■ DATA SHOWN ■
◆ ◆ ◆
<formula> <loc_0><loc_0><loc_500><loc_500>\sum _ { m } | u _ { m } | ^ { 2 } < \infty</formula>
◆ ◆ ◆
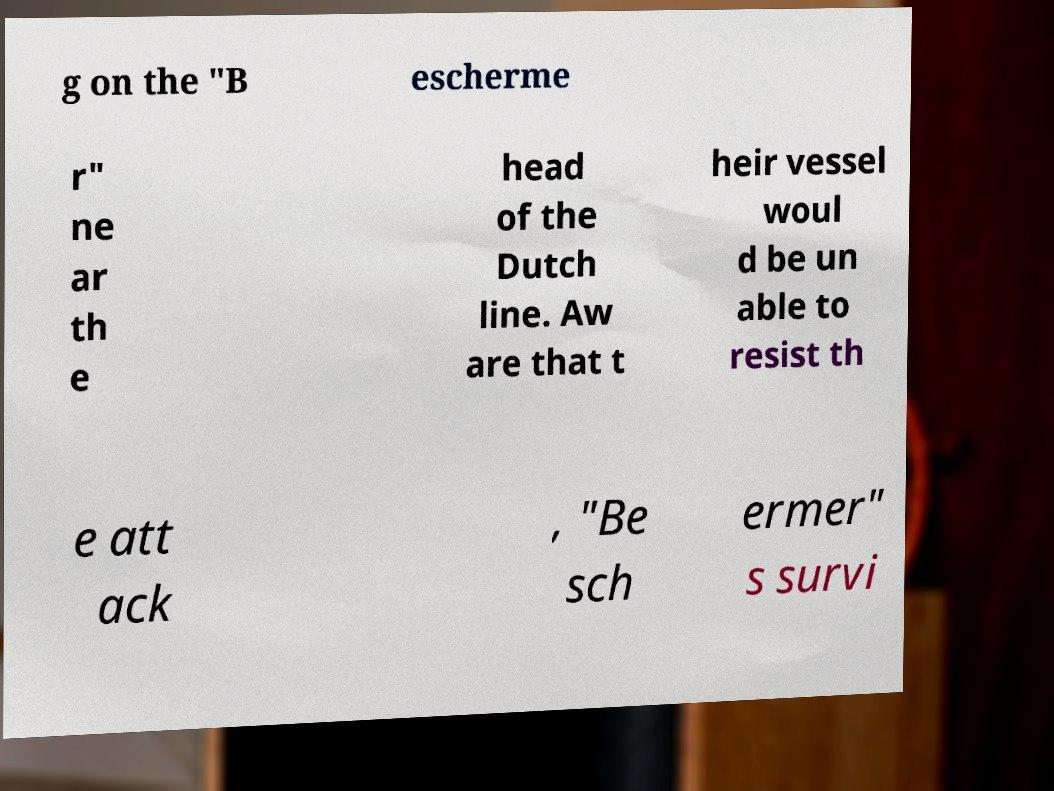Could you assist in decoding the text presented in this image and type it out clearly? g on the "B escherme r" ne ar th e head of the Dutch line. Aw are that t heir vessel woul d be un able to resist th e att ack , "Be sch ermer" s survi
◆ ◆ ◆
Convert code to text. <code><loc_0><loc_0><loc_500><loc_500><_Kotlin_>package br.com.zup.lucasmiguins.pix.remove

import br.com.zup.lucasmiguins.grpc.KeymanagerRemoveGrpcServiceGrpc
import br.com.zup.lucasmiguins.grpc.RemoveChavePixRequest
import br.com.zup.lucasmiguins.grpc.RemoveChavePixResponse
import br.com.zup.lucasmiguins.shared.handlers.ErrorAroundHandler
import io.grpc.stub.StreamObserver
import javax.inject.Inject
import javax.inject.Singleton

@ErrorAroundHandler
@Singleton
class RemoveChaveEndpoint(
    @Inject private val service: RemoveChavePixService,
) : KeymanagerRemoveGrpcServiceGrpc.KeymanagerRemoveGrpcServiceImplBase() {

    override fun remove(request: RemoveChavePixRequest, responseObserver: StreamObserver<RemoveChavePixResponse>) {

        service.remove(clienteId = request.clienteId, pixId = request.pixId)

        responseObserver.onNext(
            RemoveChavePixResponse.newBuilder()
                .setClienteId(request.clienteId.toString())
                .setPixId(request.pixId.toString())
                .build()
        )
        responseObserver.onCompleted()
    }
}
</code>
◆ ◆ ◆
■ TASK ■
All lines above that include the word "StreamObserver" must be copied into the answer.

■ SOLVED EXERCISE ■
import io.grpc.stub.StreamObserver
    override fun remove(request: RemoveChavePixRequest, responseObserver: StreamObserver<RemoveChavePixResponse>) {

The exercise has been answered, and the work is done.